COVID-19 has had a profound impact on the global economy. It has cost the global travel industry an estimated $1.2 million. Experts believe more than 100 million jobs will be lost in the sector by the end of 2020. Millions of people have been forced to stay at home, which has led to a huge loss in revenue for travel operators and accommodation providers.
While some serviced apartment operators like Tom Smyth in Belfast have survived and thrived, many serviced apartment providers suffered a significant drop in revenue since the beginning of March, which is when global travel ground to a halt.
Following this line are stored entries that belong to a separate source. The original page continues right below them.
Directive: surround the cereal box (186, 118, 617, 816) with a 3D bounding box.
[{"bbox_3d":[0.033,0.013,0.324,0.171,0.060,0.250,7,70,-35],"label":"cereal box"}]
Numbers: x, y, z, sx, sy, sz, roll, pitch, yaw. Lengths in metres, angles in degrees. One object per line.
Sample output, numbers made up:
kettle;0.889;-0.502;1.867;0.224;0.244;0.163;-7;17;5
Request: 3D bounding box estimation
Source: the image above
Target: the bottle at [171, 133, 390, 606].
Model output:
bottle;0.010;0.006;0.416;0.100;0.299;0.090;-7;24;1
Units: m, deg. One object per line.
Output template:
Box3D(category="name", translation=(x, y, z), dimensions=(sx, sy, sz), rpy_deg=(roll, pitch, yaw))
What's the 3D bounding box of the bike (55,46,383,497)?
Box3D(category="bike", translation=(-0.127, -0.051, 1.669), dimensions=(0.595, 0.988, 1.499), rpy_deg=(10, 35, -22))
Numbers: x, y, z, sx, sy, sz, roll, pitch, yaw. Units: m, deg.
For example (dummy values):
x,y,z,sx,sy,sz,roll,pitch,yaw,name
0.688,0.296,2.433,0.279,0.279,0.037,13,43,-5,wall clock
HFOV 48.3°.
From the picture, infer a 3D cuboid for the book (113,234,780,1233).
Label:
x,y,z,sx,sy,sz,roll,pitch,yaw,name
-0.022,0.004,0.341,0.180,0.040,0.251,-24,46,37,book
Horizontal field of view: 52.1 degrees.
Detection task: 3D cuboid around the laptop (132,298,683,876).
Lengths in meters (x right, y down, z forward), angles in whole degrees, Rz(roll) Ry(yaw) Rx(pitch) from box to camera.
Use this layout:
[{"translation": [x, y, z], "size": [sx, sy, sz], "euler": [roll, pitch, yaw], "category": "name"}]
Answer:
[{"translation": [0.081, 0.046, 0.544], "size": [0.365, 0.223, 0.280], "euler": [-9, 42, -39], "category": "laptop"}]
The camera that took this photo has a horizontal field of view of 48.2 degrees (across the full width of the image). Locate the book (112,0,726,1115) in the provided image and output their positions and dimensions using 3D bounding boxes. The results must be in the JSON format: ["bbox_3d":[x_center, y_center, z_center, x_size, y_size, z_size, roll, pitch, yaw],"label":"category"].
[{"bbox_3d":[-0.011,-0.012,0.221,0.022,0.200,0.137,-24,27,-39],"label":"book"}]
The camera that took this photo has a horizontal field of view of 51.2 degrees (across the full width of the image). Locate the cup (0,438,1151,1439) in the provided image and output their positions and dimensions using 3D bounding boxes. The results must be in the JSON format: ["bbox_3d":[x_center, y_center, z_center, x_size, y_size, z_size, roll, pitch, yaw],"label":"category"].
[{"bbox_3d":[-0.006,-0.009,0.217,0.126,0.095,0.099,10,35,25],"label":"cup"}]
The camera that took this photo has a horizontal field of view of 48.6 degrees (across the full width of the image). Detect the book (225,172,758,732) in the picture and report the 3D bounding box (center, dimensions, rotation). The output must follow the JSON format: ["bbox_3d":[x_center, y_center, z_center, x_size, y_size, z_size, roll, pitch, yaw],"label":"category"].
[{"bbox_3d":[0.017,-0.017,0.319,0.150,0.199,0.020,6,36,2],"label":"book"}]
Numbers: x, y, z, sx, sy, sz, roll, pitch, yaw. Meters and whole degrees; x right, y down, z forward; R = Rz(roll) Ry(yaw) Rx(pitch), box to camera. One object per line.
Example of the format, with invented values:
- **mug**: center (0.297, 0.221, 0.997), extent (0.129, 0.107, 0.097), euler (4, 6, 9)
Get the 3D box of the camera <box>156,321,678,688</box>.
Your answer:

Some travel corridors have since opened up, but the number of people travelling is far lower than it normally would be at this time of the year.
Loss of Revenue
Like hotels and holiday lets, many serviced apartments are currently empty. Landlords who traditionally let their properties via holiday rental websites such as Airbnb have been forced to change their business model to accommodate long-term tenants.
The loss of revenue in the serviced apartment sector has had a knock-on effect. Most serviced apartments are owned on a leasehold basis, with rents being paid to the leaseholder on a quarterly or annual basis. With no income, many serviced apartment operators have had to revisit their leasehold commitments and ask for a discount or even a payment holiday. Until the sector picks up again, many operators are likely to continue experienced significant cash flow problems.
Consideration must be given to the various factors at play while the pandemic continues to affect all industries, not least the travel sector.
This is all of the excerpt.